基于维度分解的灵活性聚合实现互联系统非迭代协调

The bulk power grid is divided into regional grids interconnected with multiple tie-lines for efficient operation. Since interconnected power grids are operated by different control centers, coordinating dispatch across multiple regional grids is challenging. A viable solution is to compute a flexibility aggregation model for each regional power grid; then optimize the tie-line schedule using the aggregated models to implement non-iterative coordination. However, challenges such as intricate interdependencies and the curse of dimensionality persist in computing the aggregated models in high-dimensional space.

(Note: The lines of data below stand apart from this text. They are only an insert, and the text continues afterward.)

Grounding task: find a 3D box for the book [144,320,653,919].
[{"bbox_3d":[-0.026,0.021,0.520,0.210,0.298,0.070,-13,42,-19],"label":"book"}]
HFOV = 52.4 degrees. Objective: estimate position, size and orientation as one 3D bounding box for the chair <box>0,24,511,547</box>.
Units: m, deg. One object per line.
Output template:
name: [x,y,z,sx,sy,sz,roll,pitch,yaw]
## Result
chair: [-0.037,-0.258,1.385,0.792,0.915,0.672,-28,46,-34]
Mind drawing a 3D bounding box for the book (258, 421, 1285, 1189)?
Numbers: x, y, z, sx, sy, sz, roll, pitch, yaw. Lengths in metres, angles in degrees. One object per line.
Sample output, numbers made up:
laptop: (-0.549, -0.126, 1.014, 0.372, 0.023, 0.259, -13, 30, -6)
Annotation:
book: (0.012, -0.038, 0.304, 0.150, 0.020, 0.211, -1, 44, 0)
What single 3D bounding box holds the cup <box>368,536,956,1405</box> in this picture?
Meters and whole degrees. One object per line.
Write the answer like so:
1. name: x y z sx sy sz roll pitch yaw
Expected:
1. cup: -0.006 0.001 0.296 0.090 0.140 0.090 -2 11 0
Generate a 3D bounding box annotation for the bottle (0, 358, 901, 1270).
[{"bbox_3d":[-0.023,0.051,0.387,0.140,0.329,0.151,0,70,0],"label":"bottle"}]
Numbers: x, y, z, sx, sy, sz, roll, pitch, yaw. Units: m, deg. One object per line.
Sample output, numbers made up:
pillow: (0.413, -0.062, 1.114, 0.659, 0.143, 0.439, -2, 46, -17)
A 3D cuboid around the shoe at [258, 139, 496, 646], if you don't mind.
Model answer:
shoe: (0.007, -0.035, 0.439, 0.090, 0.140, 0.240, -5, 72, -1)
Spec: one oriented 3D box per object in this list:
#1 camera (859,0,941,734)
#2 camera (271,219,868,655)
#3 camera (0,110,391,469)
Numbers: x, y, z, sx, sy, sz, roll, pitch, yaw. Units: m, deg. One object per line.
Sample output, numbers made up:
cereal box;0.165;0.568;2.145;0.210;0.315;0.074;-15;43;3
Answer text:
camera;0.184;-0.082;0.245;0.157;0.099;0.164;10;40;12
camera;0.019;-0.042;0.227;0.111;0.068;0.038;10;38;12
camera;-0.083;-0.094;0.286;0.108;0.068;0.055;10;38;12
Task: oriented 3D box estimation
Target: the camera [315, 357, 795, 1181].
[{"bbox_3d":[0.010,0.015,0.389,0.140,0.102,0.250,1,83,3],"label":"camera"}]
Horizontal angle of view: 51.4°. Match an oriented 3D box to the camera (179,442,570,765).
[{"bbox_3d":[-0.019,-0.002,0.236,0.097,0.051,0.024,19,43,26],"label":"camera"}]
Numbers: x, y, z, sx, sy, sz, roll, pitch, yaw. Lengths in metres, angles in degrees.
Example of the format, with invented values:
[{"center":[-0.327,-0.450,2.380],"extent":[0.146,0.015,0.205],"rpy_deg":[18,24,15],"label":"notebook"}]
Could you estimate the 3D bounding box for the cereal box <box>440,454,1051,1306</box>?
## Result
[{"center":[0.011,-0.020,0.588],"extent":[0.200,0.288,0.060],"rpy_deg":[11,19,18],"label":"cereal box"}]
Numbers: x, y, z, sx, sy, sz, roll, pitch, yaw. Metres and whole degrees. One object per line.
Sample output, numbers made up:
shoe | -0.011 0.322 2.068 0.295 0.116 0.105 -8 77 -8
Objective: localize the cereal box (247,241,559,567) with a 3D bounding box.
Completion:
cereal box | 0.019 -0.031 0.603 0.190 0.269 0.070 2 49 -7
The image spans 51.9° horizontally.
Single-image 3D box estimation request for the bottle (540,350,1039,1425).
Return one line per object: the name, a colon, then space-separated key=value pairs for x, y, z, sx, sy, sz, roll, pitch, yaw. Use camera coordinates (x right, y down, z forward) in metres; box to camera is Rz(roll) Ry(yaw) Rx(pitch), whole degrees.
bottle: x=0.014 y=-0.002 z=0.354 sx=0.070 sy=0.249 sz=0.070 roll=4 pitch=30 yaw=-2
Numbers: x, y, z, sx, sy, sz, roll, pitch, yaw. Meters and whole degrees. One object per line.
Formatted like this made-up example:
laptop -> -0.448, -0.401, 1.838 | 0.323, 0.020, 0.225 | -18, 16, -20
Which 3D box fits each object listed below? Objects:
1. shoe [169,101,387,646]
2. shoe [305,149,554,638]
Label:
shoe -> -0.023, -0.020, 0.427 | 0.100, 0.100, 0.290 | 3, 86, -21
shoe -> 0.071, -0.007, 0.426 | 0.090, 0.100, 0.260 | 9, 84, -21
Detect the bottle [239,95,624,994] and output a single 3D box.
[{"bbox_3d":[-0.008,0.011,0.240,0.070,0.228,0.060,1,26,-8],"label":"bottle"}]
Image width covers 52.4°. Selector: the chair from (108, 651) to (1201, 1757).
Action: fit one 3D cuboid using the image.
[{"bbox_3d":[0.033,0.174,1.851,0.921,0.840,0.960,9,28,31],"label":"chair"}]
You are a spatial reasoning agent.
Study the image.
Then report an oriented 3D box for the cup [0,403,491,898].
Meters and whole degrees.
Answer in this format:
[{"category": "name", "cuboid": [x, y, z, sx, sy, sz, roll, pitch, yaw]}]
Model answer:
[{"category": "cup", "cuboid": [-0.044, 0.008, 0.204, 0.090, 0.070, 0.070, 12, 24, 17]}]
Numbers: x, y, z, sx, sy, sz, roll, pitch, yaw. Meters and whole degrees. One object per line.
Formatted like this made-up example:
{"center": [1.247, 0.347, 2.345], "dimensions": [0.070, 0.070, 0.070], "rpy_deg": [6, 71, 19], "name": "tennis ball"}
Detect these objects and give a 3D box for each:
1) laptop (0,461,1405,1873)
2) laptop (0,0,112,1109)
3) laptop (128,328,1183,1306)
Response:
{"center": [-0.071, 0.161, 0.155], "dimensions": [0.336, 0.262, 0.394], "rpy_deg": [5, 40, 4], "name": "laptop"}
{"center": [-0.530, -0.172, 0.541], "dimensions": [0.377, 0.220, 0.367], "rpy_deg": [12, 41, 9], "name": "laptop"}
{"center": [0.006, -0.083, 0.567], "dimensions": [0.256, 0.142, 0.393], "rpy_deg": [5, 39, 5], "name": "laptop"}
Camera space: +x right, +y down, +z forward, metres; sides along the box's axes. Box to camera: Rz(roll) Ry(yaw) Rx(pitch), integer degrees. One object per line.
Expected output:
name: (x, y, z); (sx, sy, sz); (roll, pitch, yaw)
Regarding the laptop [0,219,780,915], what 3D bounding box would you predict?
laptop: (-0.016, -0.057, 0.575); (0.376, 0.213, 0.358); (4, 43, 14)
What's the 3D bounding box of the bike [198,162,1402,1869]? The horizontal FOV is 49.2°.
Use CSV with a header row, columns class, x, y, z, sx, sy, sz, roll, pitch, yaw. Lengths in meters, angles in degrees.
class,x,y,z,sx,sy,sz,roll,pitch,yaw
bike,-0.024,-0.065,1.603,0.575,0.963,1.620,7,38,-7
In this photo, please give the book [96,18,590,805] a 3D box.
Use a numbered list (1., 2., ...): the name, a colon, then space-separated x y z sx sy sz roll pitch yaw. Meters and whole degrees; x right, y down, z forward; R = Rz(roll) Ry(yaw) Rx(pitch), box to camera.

Existing methods like Fourier-Motzkin elimination, vertex search, and multi-parameter programming are limited by dimensionality and conservatism, hindering their practical application. This paper presents a novel dimension-decomposition-based flexibility aggregation algorithm for calculating the aggregated models of multiple regional power grids, enabling non-iterative coordination in large-scale interconnected systems. Compared to existing methods, the proposed approach yields a significantly lower computational complexity and a less conservative flexibility region. The derived flexibility aggregation model for each regional power grid has a well-defined physical counterpart, which facilitates intuitive analysis of multi-port regional power grids and provides valuable insights into their internal resource endowments. Numerical tests validate the feasibility of the aggregated model and demonstrate its precision in coordinating interconnected power grids.